This last summer, my son Mark attended a youth leadership conference for the first time. I attended the opening session with him in a room of about 300 kids that all seemed to know each other. Mark is a very personable and approachable young man but as a parent I naturally thought, “How is he going to get up and running in a group this size? He doesn’t know anyone.”

But the opening session wasn’t over for 30-seconds when a young man walked up and said, “I’m Hunter. Would you like to hang out with us?” And they were off and never looked back.

As I walked away, I thought that this is the kind of leadership that makes a difference in people’s lives. It’s leading from where you are, without title and without fanfare. Just doing the right thing.

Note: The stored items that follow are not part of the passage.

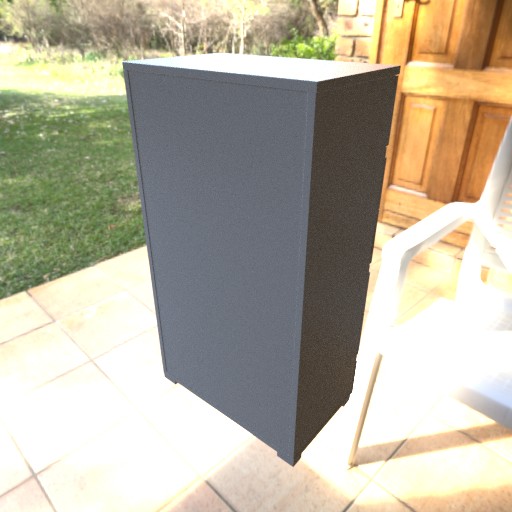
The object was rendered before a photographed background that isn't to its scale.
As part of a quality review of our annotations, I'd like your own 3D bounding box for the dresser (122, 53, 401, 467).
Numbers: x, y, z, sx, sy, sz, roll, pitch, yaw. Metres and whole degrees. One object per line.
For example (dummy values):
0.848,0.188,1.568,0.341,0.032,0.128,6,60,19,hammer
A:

It’s the little things like this that we teach our kids that enrich their lives and those of others. Leadership begins in the home. It’s where we have the greatest impact on the future. Here’s a few things we can do:

We can help them to look further out. Help them see the long-term effects of the decisions they make today. Define a future and help them to line up the decisions needed to get there. It will help them to gain a perspective on life.

We can take the time to talk about their experiences. Help them to see them in the most constructive way possible.

While some rules are important, principles will last them a lifetime. Rules are easy to churn out. Principles take time to teach and integrate into a person’s life.

We can teach them that connection with others matters and that’s not done behind a screen. People are experienced when you can look into their eyes. Life is experienced when you can see what is going on around you—both the sights and sounds. One of the greatest gifts you can give someone is your full attention.

We can give them responsibility. Help them to value contribution over consumption. If not we can be guilty of what President George W. Bush called “the soft bigotry of low expectations.” He added, “No child in America should be segregated by low expectations.” Help them raise the bar in their life and thereby help others to discover the possibilities in theirs.

And the most important thing we can do is to set an example of the kind of people we want them to become.

Remember we are training future leaders not just raising kids. It’s an investment.

I later found out it was Mark Sanborn’s son that came up to my son that day. Not surprising. So I’ll leave you with a principle from Sanborn’s book, You Don’t Need a Title to Be a Leader:
We can’t give to others without being affected positively ourselves. And this is the secret of giving: When we make the world better for others, you make the world better for yourself.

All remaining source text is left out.